Lines from the one containing "rpy_deg=(roll, pitch, yaw))" through the final line of the records below are needed, copied exactly, with no pictures.

# EXERCISE MATERIAL
Segment Open

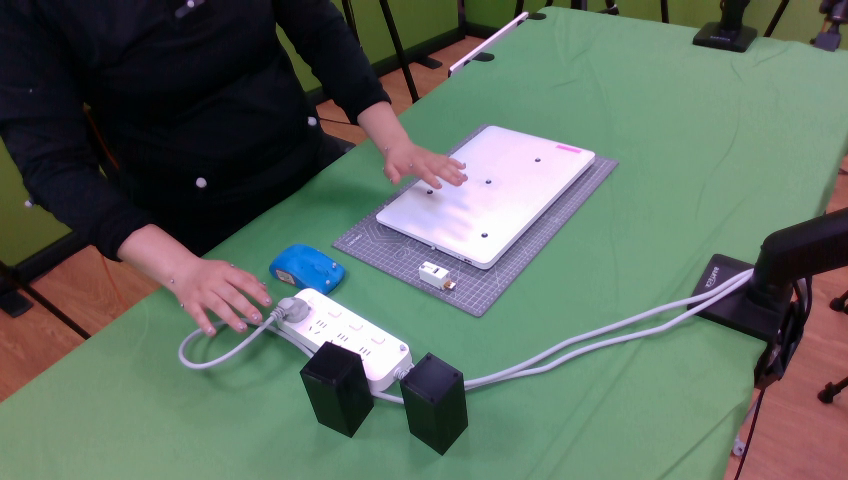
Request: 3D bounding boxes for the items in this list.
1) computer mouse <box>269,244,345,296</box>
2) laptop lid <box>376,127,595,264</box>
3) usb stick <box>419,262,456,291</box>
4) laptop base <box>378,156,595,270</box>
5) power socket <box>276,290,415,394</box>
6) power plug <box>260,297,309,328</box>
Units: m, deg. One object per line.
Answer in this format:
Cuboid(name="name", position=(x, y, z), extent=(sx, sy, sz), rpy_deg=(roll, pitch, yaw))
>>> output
Cuboid(name="computer mouse", position=(-0.182, 0.044, 0.933), extent=(0.116, 0.041, 0.063), rpy_deg=(22, 46, 25))
Cuboid(name="laptop lid", position=(0.112, -0.096, 1.050), extent=(0.239, 0.013, 0.358), rpy_deg=(23, 49, 35))
Cuboid(name="usb stick", position=(0.022, 0.056, 0.892), extent=(0.058, 0.027, 0.021), rpy_deg=(25, 46, 30))
Cuboid(name="laptop base", position=(0.115, -0.086, 1.056), extent=(0.233, 0.023, 0.355), rpy_deg=(21, 48, 34))
Cuboid(name="power socket", position=(-0.114, 0.133, 0.820), extent=(0.225, 0.033, 0.072), rpy_deg=(25, 49, 33))
Cuboid(name="power plug", position=(-0.193, 0.107, 0.831), extent=(0.073, 0.053, 0.035), rpy_deg=(-32, 43, -25))
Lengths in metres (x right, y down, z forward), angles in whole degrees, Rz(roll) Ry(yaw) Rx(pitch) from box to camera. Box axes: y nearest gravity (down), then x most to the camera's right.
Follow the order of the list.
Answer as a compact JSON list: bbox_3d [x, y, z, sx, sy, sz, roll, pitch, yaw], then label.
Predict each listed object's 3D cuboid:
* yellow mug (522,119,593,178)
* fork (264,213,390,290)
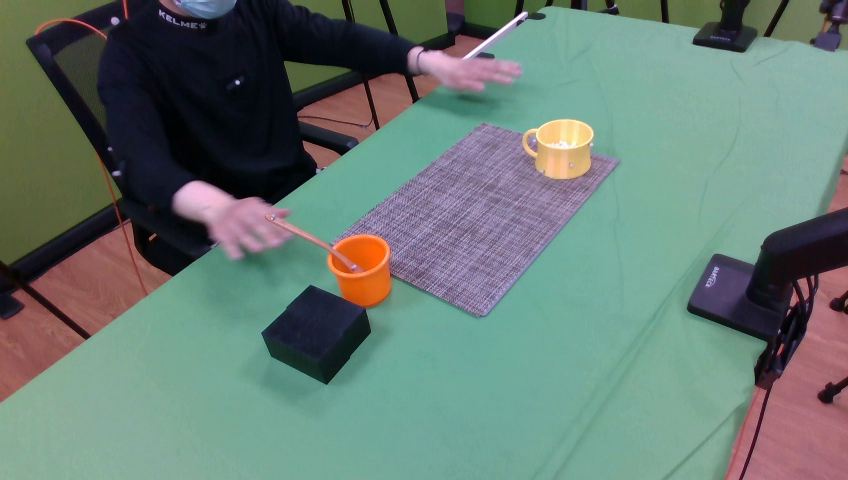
[{"bbox_3d":[0.238,-0.170,1.092,0.130,0.064,0.100,17,47,27],"label":"yellow mug"},{"bbox_3d":[-0.137,0.018,0.869,0.208,0.018,0.028,35,37,-18],"label":"fork"}]

Segment Closed

# RESPONSE BOX
Cuboid(name="name", position=(x, y, z), extent=(sx, sy, sz), rpy_deg=(roll, pitch, yaw))
>>> output
Cuboid(name="computer mouse", position=(-0.182, 0.044, 0.933), extent=(0.116, 0.041, 0.063), rpy_deg=(22, 46, 25))
Cuboid(name="laptop lid", position=(0.112, -0.096, 1.050), extent=(0.239, 0.013, 0.358), rpy_deg=(23, 49, 35))
Cuboid(name="usb stick", position=(0.022, 0.056, 0.892), extent=(0.058, 0.027, 0.021), rpy_deg=(25, 46, 30))
Cuboid(name="laptop base", position=(0.115, -0.086, 1.056), extent=(0.233, 0.023, 0.355), rpy_deg=(21, 48, 34))
Cuboid(name="power socket", position=(-0.114, 0.133, 0.820), extent=(0.225, 0.033, 0.072), rpy_deg=(25, 49, 33))
Cuboid(name="power plug", position=(-0.193, 0.107, 0.831), extent=(0.073, 0.053, 0.035), rpy_deg=(-32, 43, -25))
Lengths in metres (x right, y down, z forward), angles in whole degrees, Rz(roll) Ry(yaw) Rx(pitch) from box to camera. Box axes: y nearest gravity (down), then x most to the camera's right.
Follow the order of the list.
Answer as a compact JSON list: bbox_3d [x, y, z, sx, sy, sz, roll, pitch, yaw], then label.
Predict each listed object's 3D cuboid:
* yellow mug (522,119,593,178)
* fork (264,213,390,290)
[{"bbox_3d":[0.238,-0.170,1.092,0.130,0.064,0.100,17,47,27],"label":"yellow mug"},{"bbox_3d":[-0.137,0.018,0.869,0.208,0.018,0.028,35,37,-18],"label":"fork"}]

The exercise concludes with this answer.